Na zijn ondervraging, en voor de slag om het Hurtgenwoud, lijdt het geen twijfel dat Ernest Hemingway een veranderd man was en zich daarna meer en meer met de gewone soldaat ging associëren. Hij deelde in zijn ontberingen, zijn schuttersputjes en, bij associatie, ook in zijn gevaren. En het was niet alleen het verhoor dat deze veranderingen teweeg had gebracht – hoewel ze belangrijk waren – maar ook het feit dat zijn 21-jarige zoon, Jack “Bumby”, sinds 28 oktober 1944 als vermist was opgegeven.
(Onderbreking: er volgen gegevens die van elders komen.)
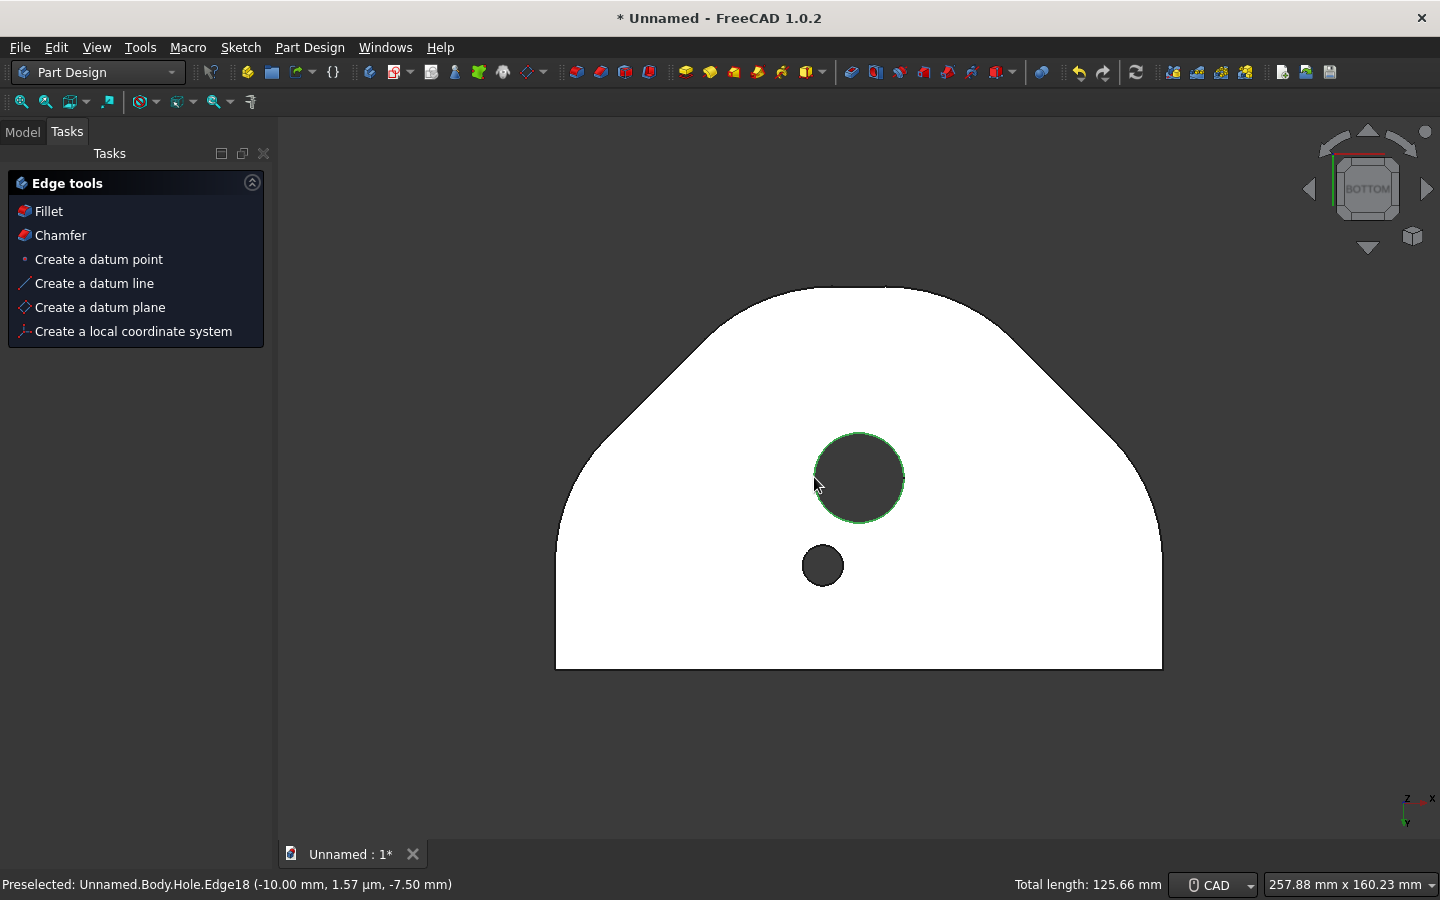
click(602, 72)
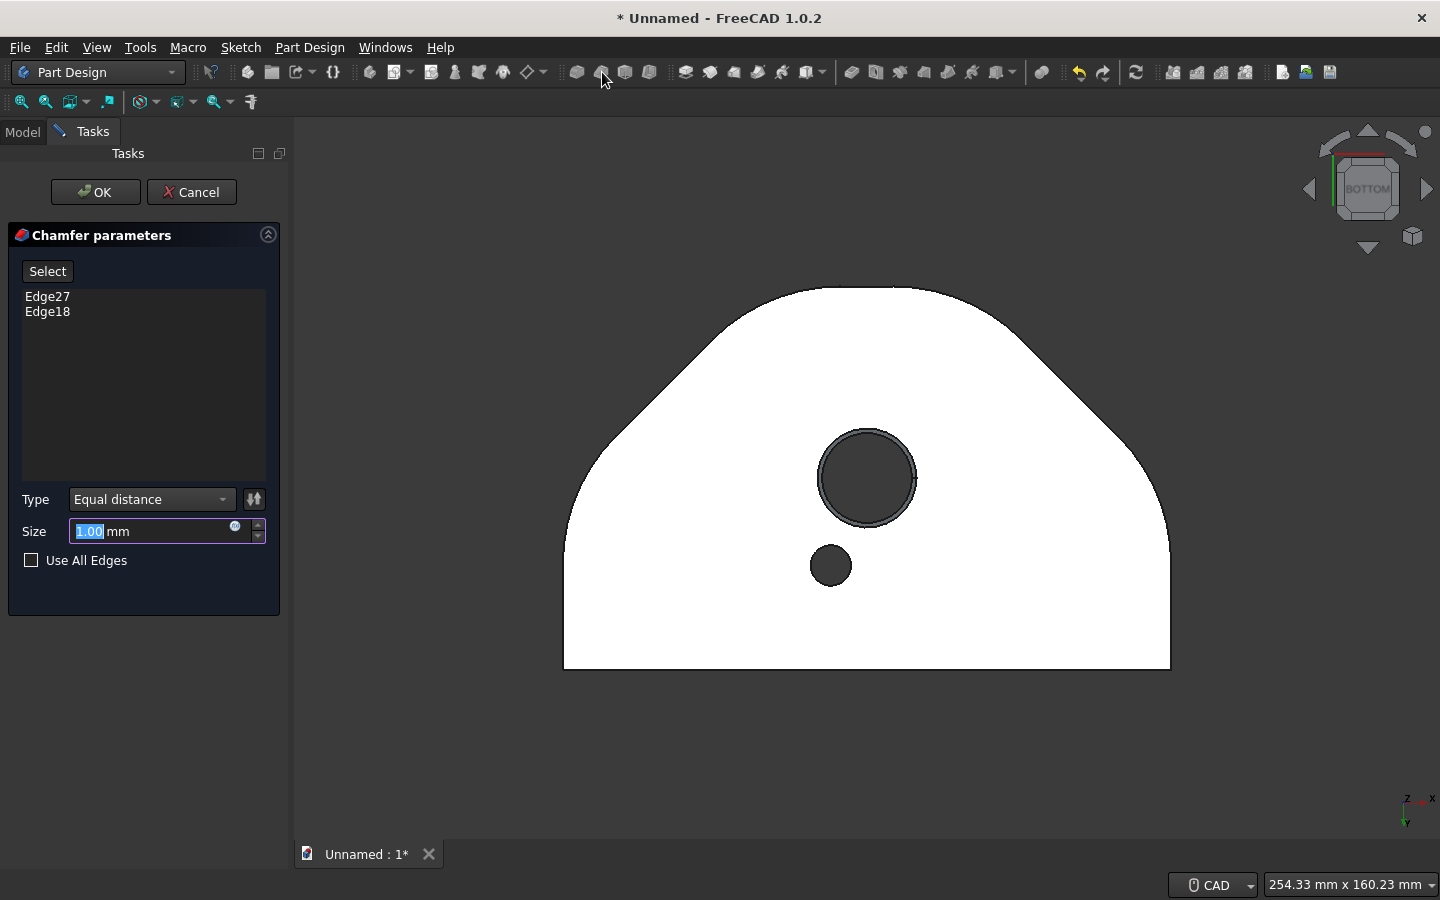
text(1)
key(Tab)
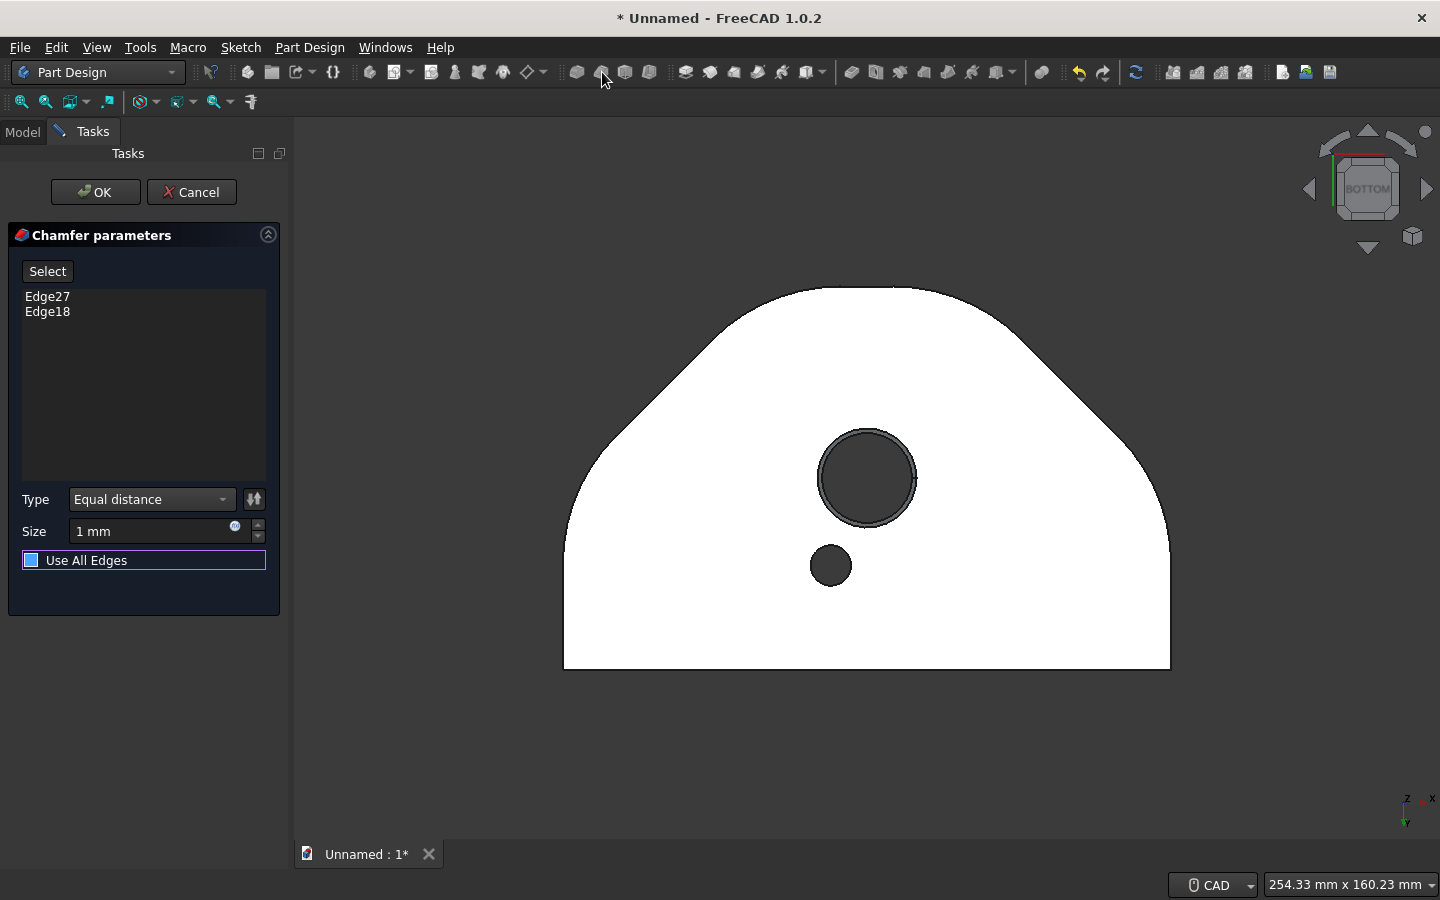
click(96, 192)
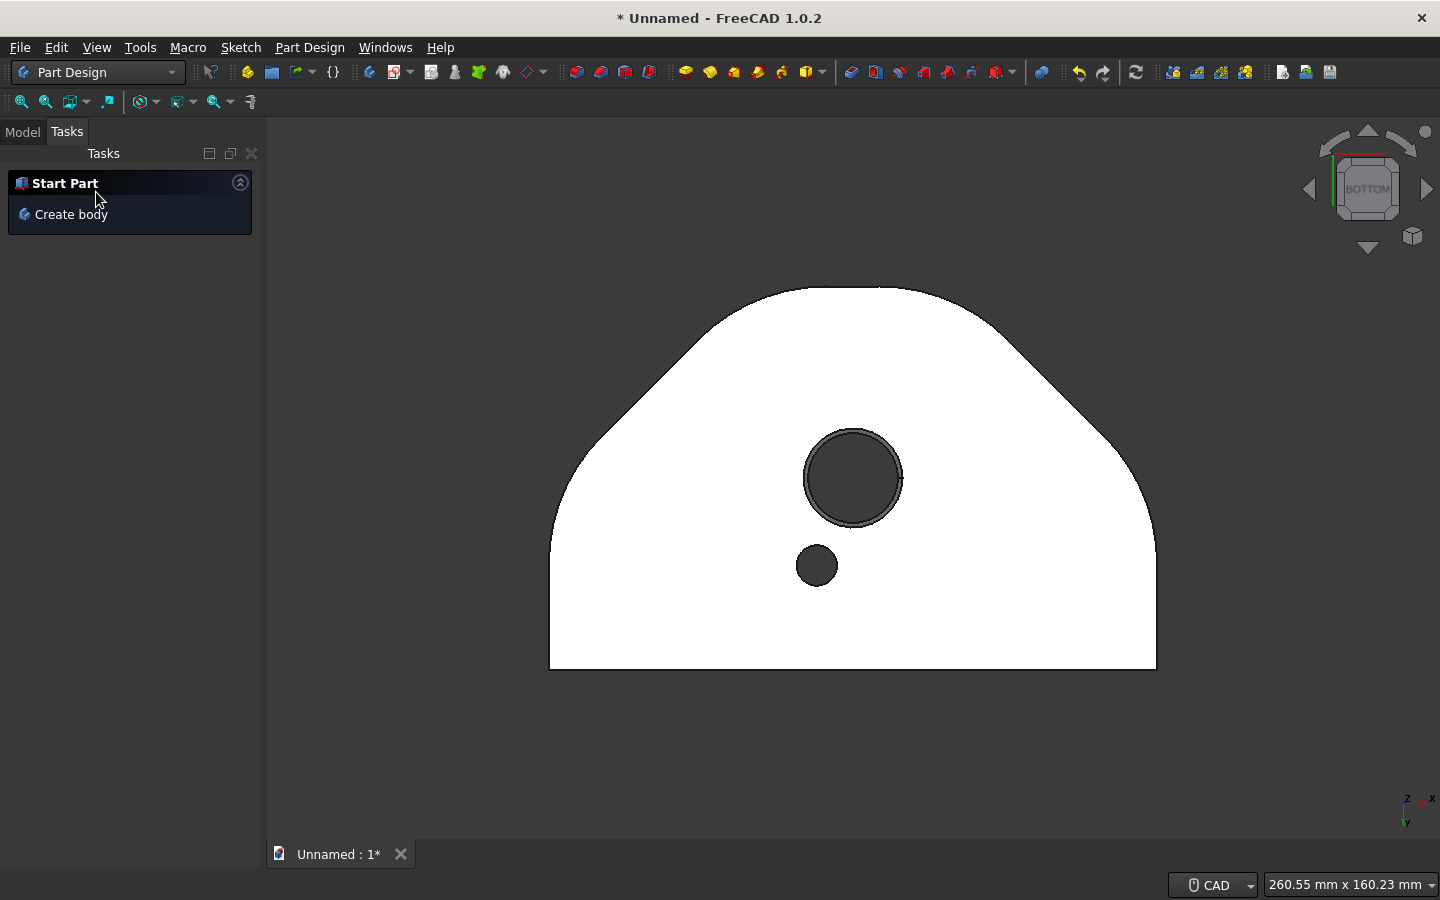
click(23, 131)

Hemingway was buiten zichzelf van bezorgdheid.
John (Jack) Hadley Nicanor Hemingway werd geboren op 10 oktober 1923, in Toronto. De moeder van Jack, Hadley, bracht de baby lachend ter wereld, wat niets te maken had met de grapjes van de vroedvrouw, maar met het feit dat Hadley misschien iets te veel lachgas (Dinitrogen Monoxide) had gekregen om de pijn te verzachten. In een brief aan Gertrude Stein (die Jacks peettante werd) zei Hemingway een dag of twee later: “Hadley zegt dat het hele bevallingsgebeuren zwaar overgewaardeerd is.”
Jack Hemingway bracht zijn eerste jaren door in het wervelende, door ex-pats geteisterde Parijs van de jaren twintig, met heerlijke vakanties in de Oostenrijkse Alpen, waar Hadley en Ernest waarschijnlijk het gelukkigst waren. Om een echt gevoel van die jaren te krijgen, lees Hemingway’s A Moveable Feast nog eens, met onder meer deze beschrijving van Hemingway die met de trein aankomt om zich bij Hadley en Jack te voegen:
” Toen ik mijn vrouw weer zag staan bij het spoor toen de trein binnenkwam bij de opgestapelde boomstammen bij het station, wenste ik dat ik was gestorven voordat ik ooit van iemand anders had gehouden dan van haar. Ze glimlachte, de zon op haar mooie gezicht gebruind door de sneeuw en de zon, prachtig gebouwd, haar rode haar goud in de zon, de hele winter onhandig en prachtig uitgegroeid, en Mr Bumby stond bij haar, blond en mollig en met winterwangen eruitziend als een goede Vorarlbergse jongen.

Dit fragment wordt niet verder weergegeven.